Garland, of course, will hope to capitalize on a season in which he racked up innings (200), won ball games (14), and posted a low ERA (3.47). Garland went a long to reestablishing himself as a legitimate innings-eater, but upon closer inspection he really didn’t improve his performance much at all.

His strikeouts-per-nine did increased nicely to 6.1, but he also posted a higher walk rate and significantly lower BABiP than in previous years. Garland performed well, no doubt, but much of his perceived increase in production can be largely attributed to Petco Park, good defense, and plain old good fortune.

Now, despite that, Garland should fetch a decent enough deal on the market, because he is an established middle-of-the-rotation guy, and that certainly has its value. Plus, as mentioned, he’s coming off what may be looked upon as a sort of breakout year.

Let’s say, just for argument’s sake, that Garland can rake in a three year, $24 million deal, giving him added security (and more per year) over the one year option that was on the table with the Padres.

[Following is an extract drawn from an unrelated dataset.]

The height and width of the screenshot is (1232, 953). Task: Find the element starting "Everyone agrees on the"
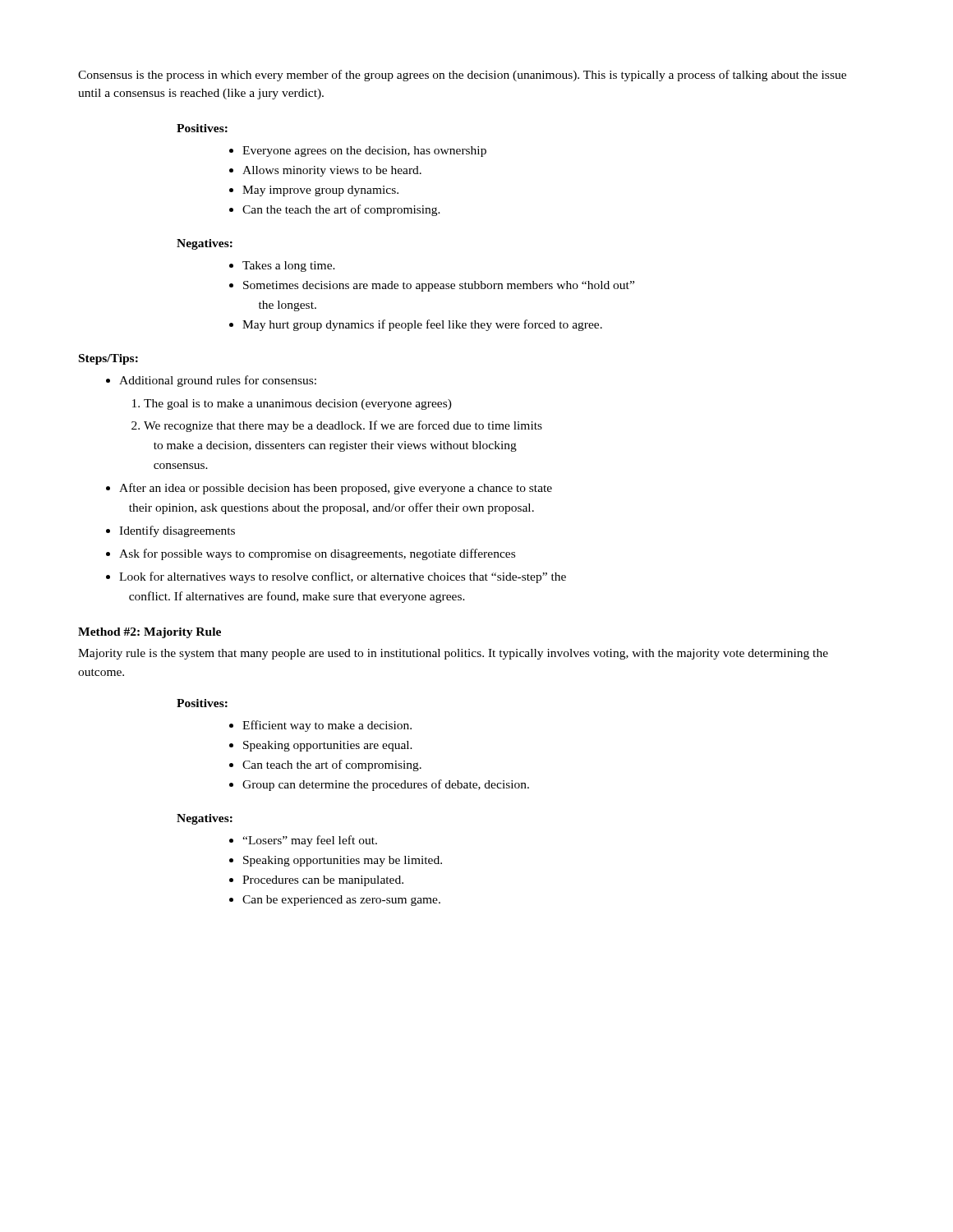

On the other hand, Garland could have accepted the $6.75M figure and pitched another year in pitcher-friendly Petco Park and possibly increased his value even more come offseason 2012.

Frankly, if I were Garland, I’d rather have ~$7M in 2011 and, say, $24M from 2012 through 2014 than $24M for the next three seasons and who knows what come 2014 (after, in all likelihood, Garland’s performance has declined to a point where he won’t garner much attention on the market).

Of course, that route is slightly more risky, because if he falls apart and/or gets injured next year, he may never get that lucrative free agent deal. Still, considering his past durability and performance, I think his choice to decline the option will hurt him monetarily.